An object of the present invention is to provide an optical disc which can be obtained a good tracking signal without producing double transcription described above.
In accordance with the present invention, the double transcription is prevented by providing grooves or pits inside the area and outside the area of a track area having sample marks, and also in the neighboring area of the track area.
The inventors grasped a phenomenon of the double transcription, and assumed reasons thereof, and then found out that the grooves or pits provided inside and outside of the track area are effective for stopping movement of plastic resin at the time of injection molding. FIG. 3 shows an imaginary plan view of an optical disc which was first manufactured by the inventors. A reference numeral 18 indicates an inner circle of a diameter of 15 mm. Hatched portion having a reference numeral 16 indicates a sample mark area. A reference numeral 17 indicates an inner mirror area. Reference numeral 15 indicates an outer mirror area. An outer diameter of the optical disc is 130 mm.
When the optical disc shown in FIG. 3 was manufactured by injection molding, the double transcription occurred mainly at inner and outer areas of the sample mark area 16 of the disc 1, especially at boundary areas with the inner mirror area 17 and the outer mirror area 15. This phenomenon hardly occurred at the ordinary disc having grooves or pits on the whole surface of the disc. However, the phenomenon occurred at the disc for the sample servo method. As described above, a ratio occupying sample mark itself on the whole surface is small as about 10%, the remaining parts are mirror face. Therefore, the inventors considered that, at the time of injection molding, the plastic resin moves easily, and the double transcription occurred.
The inventors paid their attention to the phenomenon that the double transcription occurred at the inner and outer areas of the sample mark area, and they considered a mechanism of occurring the double transcription as follows.

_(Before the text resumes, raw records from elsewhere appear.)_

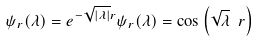Convert formula to latex. <formula><loc_0><loc_0><loc_500><loc_500>\psi _ { r } ( \lambda ) = e ^ { - \sqrt { | \lambda | } r } \psi _ { r } ( \lambda ) = \cos \left ( \sqrt { \lambda } \ r \right )</formula> 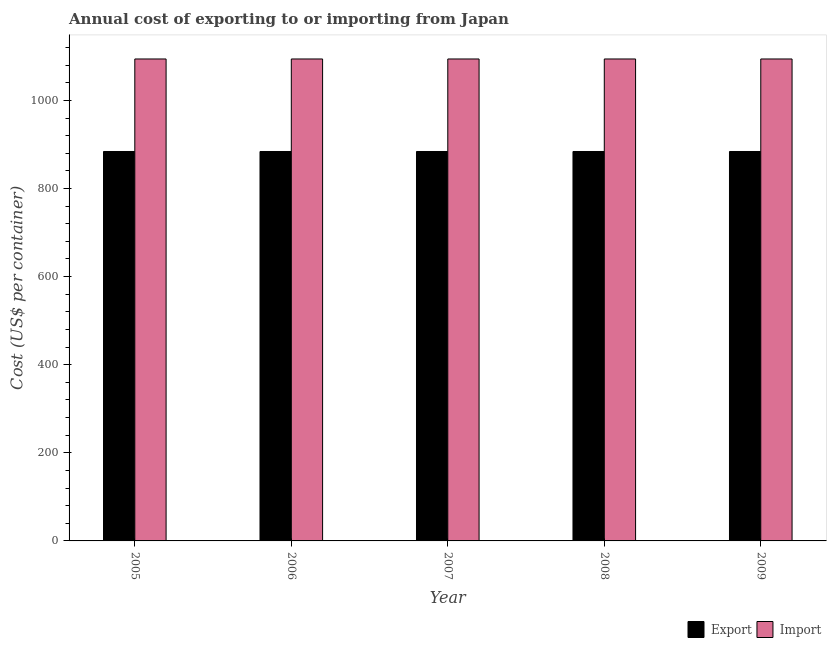How many different coloured bars are there?
Ensure brevity in your answer.  2. Are the number of bars per tick equal to the number of legend labels?
Your answer should be very brief. Yes. How many bars are there on the 3rd tick from the left?
Make the answer very short. 2. How many bars are there on the 1st tick from the right?
Your response must be concise. 2. What is the label of the 5th group of bars from the left?
Offer a terse response. 2009. What is the export cost in 2008?
Provide a short and direct response. 884. Across all years, what is the maximum import cost?
Offer a terse response. 1094. Across all years, what is the minimum export cost?
Keep it short and to the point. 884. In which year was the export cost minimum?
Offer a terse response. 2005. What is the total import cost in the graph?
Make the answer very short. 5470. What is the difference between the import cost in 2007 and the export cost in 2009?
Provide a succinct answer. 0. What is the average import cost per year?
Your answer should be compact. 1094. In the year 2007, what is the difference between the export cost and import cost?
Provide a succinct answer. 0. What is the difference between the highest and the second highest import cost?
Give a very brief answer. 0. What is the difference between the highest and the lowest export cost?
Offer a terse response. 0. In how many years, is the export cost greater than the average export cost taken over all years?
Provide a short and direct response. 0. What does the 2nd bar from the left in 2009 represents?
Your answer should be compact. Import. What does the 2nd bar from the right in 2009 represents?
Keep it short and to the point. Export. Are all the bars in the graph horizontal?
Your answer should be compact. No. Does the graph contain grids?
Your response must be concise. No. How many legend labels are there?
Make the answer very short. 2. What is the title of the graph?
Provide a succinct answer. Annual cost of exporting to or importing from Japan. Does "Technicians" appear as one of the legend labels in the graph?
Ensure brevity in your answer.  No. What is the label or title of the Y-axis?
Keep it short and to the point. Cost (US$ per container). What is the Cost (US$ per container) of Export in 2005?
Your response must be concise. 884. What is the Cost (US$ per container) in Import in 2005?
Provide a short and direct response. 1094. What is the Cost (US$ per container) of Export in 2006?
Make the answer very short. 884. What is the Cost (US$ per container) in Import in 2006?
Offer a terse response. 1094. What is the Cost (US$ per container) of Export in 2007?
Offer a very short reply. 884. What is the Cost (US$ per container) of Import in 2007?
Make the answer very short. 1094. What is the Cost (US$ per container) of Export in 2008?
Provide a short and direct response. 884. What is the Cost (US$ per container) of Import in 2008?
Keep it short and to the point. 1094. What is the Cost (US$ per container) in Export in 2009?
Your answer should be very brief. 884. What is the Cost (US$ per container) of Import in 2009?
Offer a very short reply. 1094. Across all years, what is the maximum Cost (US$ per container) of Export?
Provide a succinct answer. 884. Across all years, what is the maximum Cost (US$ per container) in Import?
Provide a succinct answer. 1094. Across all years, what is the minimum Cost (US$ per container) of Export?
Your answer should be compact. 884. Across all years, what is the minimum Cost (US$ per container) of Import?
Provide a short and direct response. 1094. What is the total Cost (US$ per container) of Export in the graph?
Make the answer very short. 4420. What is the total Cost (US$ per container) of Import in the graph?
Offer a terse response. 5470. What is the difference between the Cost (US$ per container) in Export in 2005 and that in 2006?
Ensure brevity in your answer.  0. What is the difference between the Cost (US$ per container) of Export in 2005 and that in 2007?
Provide a short and direct response. 0. What is the difference between the Cost (US$ per container) in Import in 2005 and that in 2008?
Your answer should be compact. 0. What is the difference between the Cost (US$ per container) of Export in 2005 and that in 2009?
Your answer should be very brief. 0. What is the difference between the Cost (US$ per container) of Import in 2005 and that in 2009?
Make the answer very short. 0. What is the difference between the Cost (US$ per container) in Import in 2006 and that in 2008?
Your answer should be very brief. 0. What is the difference between the Cost (US$ per container) of Export in 2006 and that in 2009?
Offer a very short reply. 0. What is the difference between the Cost (US$ per container) in Export in 2007 and that in 2008?
Your answer should be very brief. 0. What is the difference between the Cost (US$ per container) of Import in 2007 and that in 2008?
Provide a short and direct response. 0. What is the difference between the Cost (US$ per container) in Export in 2007 and that in 2009?
Keep it short and to the point. 0. What is the difference between the Cost (US$ per container) in Export in 2008 and that in 2009?
Offer a terse response. 0. What is the difference between the Cost (US$ per container) in Import in 2008 and that in 2009?
Provide a short and direct response. 0. What is the difference between the Cost (US$ per container) of Export in 2005 and the Cost (US$ per container) of Import in 2006?
Provide a short and direct response. -210. What is the difference between the Cost (US$ per container) of Export in 2005 and the Cost (US$ per container) of Import in 2007?
Offer a very short reply. -210. What is the difference between the Cost (US$ per container) in Export in 2005 and the Cost (US$ per container) in Import in 2008?
Offer a terse response. -210. What is the difference between the Cost (US$ per container) of Export in 2005 and the Cost (US$ per container) of Import in 2009?
Your response must be concise. -210. What is the difference between the Cost (US$ per container) of Export in 2006 and the Cost (US$ per container) of Import in 2007?
Offer a terse response. -210. What is the difference between the Cost (US$ per container) in Export in 2006 and the Cost (US$ per container) in Import in 2008?
Provide a short and direct response. -210. What is the difference between the Cost (US$ per container) of Export in 2006 and the Cost (US$ per container) of Import in 2009?
Give a very brief answer. -210. What is the difference between the Cost (US$ per container) in Export in 2007 and the Cost (US$ per container) in Import in 2008?
Provide a succinct answer. -210. What is the difference between the Cost (US$ per container) in Export in 2007 and the Cost (US$ per container) in Import in 2009?
Provide a short and direct response. -210. What is the difference between the Cost (US$ per container) in Export in 2008 and the Cost (US$ per container) in Import in 2009?
Keep it short and to the point. -210. What is the average Cost (US$ per container) of Export per year?
Your answer should be very brief. 884. What is the average Cost (US$ per container) in Import per year?
Provide a succinct answer. 1094. In the year 2005, what is the difference between the Cost (US$ per container) in Export and Cost (US$ per container) in Import?
Give a very brief answer. -210. In the year 2006, what is the difference between the Cost (US$ per container) of Export and Cost (US$ per container) of Import?
Provide a short and direct response. -210. In the year 2007, what is the difference between the Cost (US$ per container) of Export and Cost (US$ per container) of Import?
Your response must be concise. -210. In the year 2008, what is the difference between the Cost (US$ per container) in Export and Cost (US$ per container) in Import?
Your answer should be very brief. -210. In the year 2009, what is the difference between the Cost (US$ per container) in Export and Cost (US$ per container) in Import?
Your response must be concise. -210. What is the ratio of the Cost (US$ per container) in Export in 2005 to that in 2006?
Provide a succinct answer. 1. What is the ratio of the Cost (US$ per container) in Import in 2005 to that in 2006?
Make the answer very short. 1. What is the ratio of the Cost (US$ per container) of Export in 2005 to that in 2007?
Your answer should be compact. 1. What is the ratio of the Cost (US$ per container) of Import in 2005 to that in 2007?
Your response must be concise. 1. What is the ratio of the Cost (US$ per container) in Import in 2005 to that in 2008?
Offer a terse response. 1. What is the ratio of the Cost (US$ per container) in Export in 2005 to that in 2009?
Offer a terse response. 1. What is the ratio of the Cost (US$ per container) in Export in 2006 to that in 2008?
Offer a very short reply. 1. What is the ratio of the Cost (US$ per container) in Import in 2006 to that in 2008?
Keep it short and to the point. 1. What is the ratio of the Cost (US$ per container) of Export in 2006 to that in 2009?
Your response must be concise. 1. What is the ratio of the Cost (US$ per container) in Import in 2006 to that in 2009?
Your response must be concise. 1. What is the ratio of the Cost (US$ per container) in Export in 2007 to that in 2008?
Provide a succinct answer. 1. What is the ratio of the Cost (US$ per container) in Export in 2007 to that in 2009?
Ensure brevity in your answer.  1. What is the ratio of the Cost (US$ per container) of Export in 2008 to that in 2009?
Keep it short and to the point. 1. What is the difference between the highest and the second highest Cost (US$ per container) of Export?
Offer a terse response. 0. What is the difference between the highest and the second highest Cost (US$ per container) in Import?
Ensure brevity in your answer.  0. What is the difference between the highest and the lowest Cost (US$ per container) of Export?
Give a very brief answer. 0.

FIG. 4 shows an imaginary cross sectional view of a metal mold for the injection molding. Reference numerals 21 and 22 indicate the metal molds. A reference numeral 23 indicates a stamper. A reference numeral 24 indicates a cavity of the metal mold. FIG. 5 shows an imaginary state at the time of injecting resin into the cavity 24 of the metal mold. After injecting, the resin begins to become hard from hatched portions having a reference numeral 25, the resin locating portions indicated by a reference numeral 26 keep a comparatively soft state. At this state, for preventing a reverse of the resin through an injection aperture, a predetermined pressure is applied through the aperture as shown in FIG. 5, and then movement of the resin at the portions 26 where the resin is kept soft occurs, and causes the double transcription. Since the portions 26 are located at the inner and outer area in the cavity, the double transcription occurred at the inner and outer area of the disc. On the other hand, in case of an optical disc having grooves or pits almost on the entire surface of the disc, the double transcription never occured under the state shown in FIG. 5. The slight unevenness of the grooves or pits have a function for preventing movement of resin, even if, the pressure is applied when the resin is still soft, and thereby serve for preventing a generation of the double transcription. In case of the optical disc for the sample servo method, since only a limited number sample mark pits are provided, the effect for preventing the resin movement described above is very small, and the double transcription occurred.
As a result of the investigation described above, the present inventors found out that the double transcription can be prevented by forming grooves or pits at the portions 26 where the resin is kept soft, which have an effect of stopping a movement of the resin.